И  да и нет; обряд, исполненный эротики и лиризма, Осокин действительно выдумал. А народ меря действительно был и лишь в XVIII веке растворился в складывающихся великороссах.


Но растворился — не значит исчез бесследно; остался с нами и в нас фольклорными мотивами, суевериями, генами и в языке. 

И если киномеряне - фантазия Осокина-писателя, то других древних соседей мери, живущих вдоль Волги-реки, Осокин-фольклорист и этнограф регулярно наве­щает вживую. В одно из своих путешествий по сказочному, языческому Поволжью Денис Осокин взял корреспондента «РР».

Речник

Небольшого роста плотный человечек, розоволицый и одетый во все оливково-травянисто-зеленое, встречает меня на Казанском вокзале. В Осокине есть что-то от симпатичного крепкого гриба.

По тропинке сквозь замусоренный кустарник пробираемся к запущенной набережной. Казань — все-таки азиатский город, к реке стоит спиной. Волга здесь не слишком поражает воображение — невзрачное, хоть и обширное водяное зеркало, ни тебе живописности, как в Нижнем, ни великолепной мощи, как в Самаре или Саратове. Но Осокин смотрит на реку влюбленно.

— У меня дядя был речник, как-то раз я лето провел у него на судне — самое лучшее лето детства, — говорит он.

Речная фамилия Осокин, дядя-речник, книга и фильм «Овсянки» о путешествии к реке, принесшие Денису мировую известность: любовь Осокина и Волги определенно взаимна.

Интерес к фольклору, особенно финно-угорскому, у него с детства. А в аспирантуре Сыктывкарского университета Осокин писал диссертацию о травах у финно-угров. И финно-уграм и их растениям Денис верен до сих пор. Сейчас в работе у тандема Денис Осокин — Алексей Федорченко (режиссер) второй полнометражный фильм «Небесные жены луговых мари», который состоит из пары десятков новелл на основе уже настоящих обычаев и сказаний народа мари.

— К марийцам мы обязательно заедем, — обещает Осокин, когда мы садимся в старенькую «Таврию» и отправляемся в путь.
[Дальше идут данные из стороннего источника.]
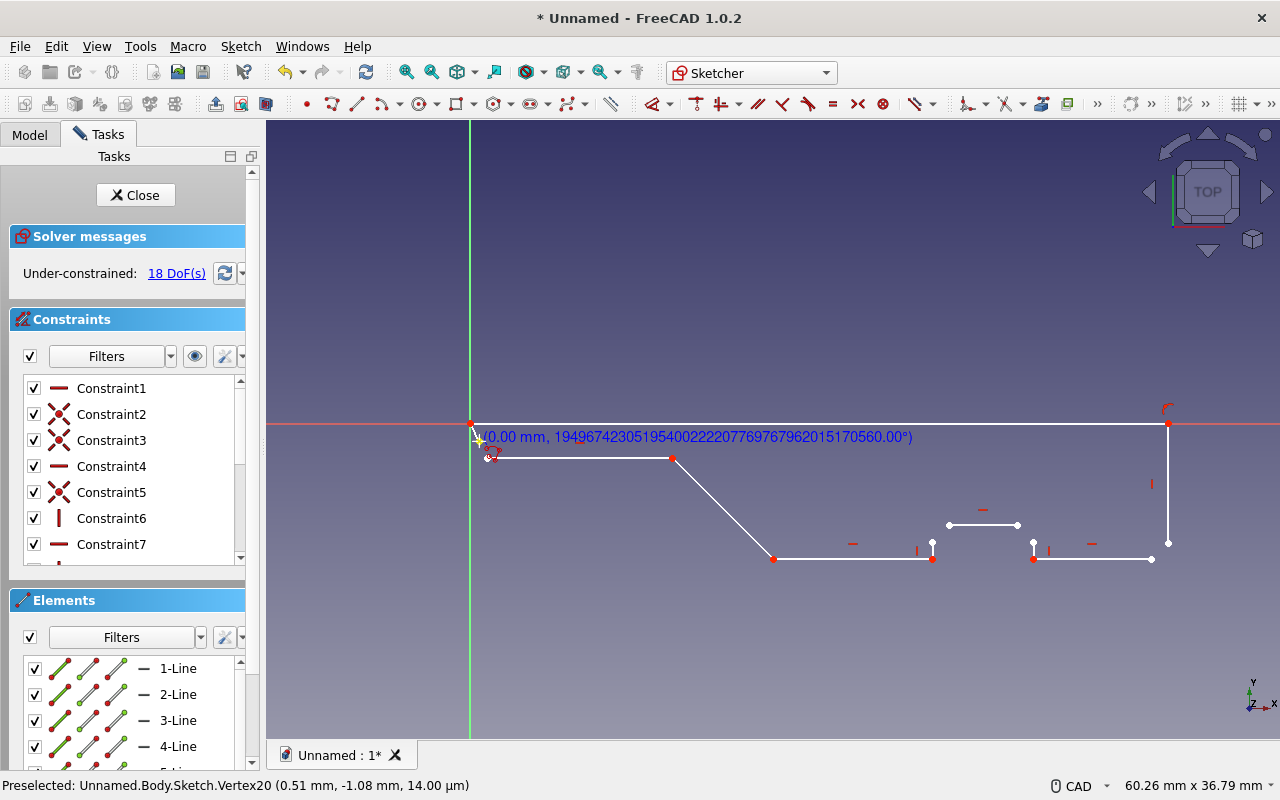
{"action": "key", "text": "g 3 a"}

Злой Керемет и танцы на кладбище

— Там Керемет, — сорокалетний Леонид Сапожников, по-удмуртски Асан Леня, указывает на пруд напротив своего дома. — Нехорошее место…

Удмуртская деревня Сырья, Республика Татарстан, стоит на речке Арборке бассейна Волги, которая сейчас маловодна и почти не видна в овраге. Над оврагом парят вороны, на въезде в деревню машина рассекает белоснежное стадо гусей. По левую сторону улицы родник и пруды.

— Видите, там дом стоит заброшенный? Его построил мой сосед к свадьбе сына. Но жизнь у молодых не заладилась, невестка уехала, сын уехал, а сосед ушел прежде времени. Там раньше резали животных в жертву злому духу. Там Керемет.

Слово «керемет» означает «священное место», но в удмуртской мифологии это также и злой бог-близнец, которому приносили жертвы во время бедствий.

В сенях у Асана Лени чучело огромной совы и веточки можжевельника. Можжевельник вешают весной на удмуртский Ведьмин день, который теперь совпадает с Великой средой на православной Страстной неделе, для защиты от злых сил. Сова — культовая птица у северных финно-угров, птица шаманов и проводник душ, но Леонид говорит, что поместил ее сюда просто так.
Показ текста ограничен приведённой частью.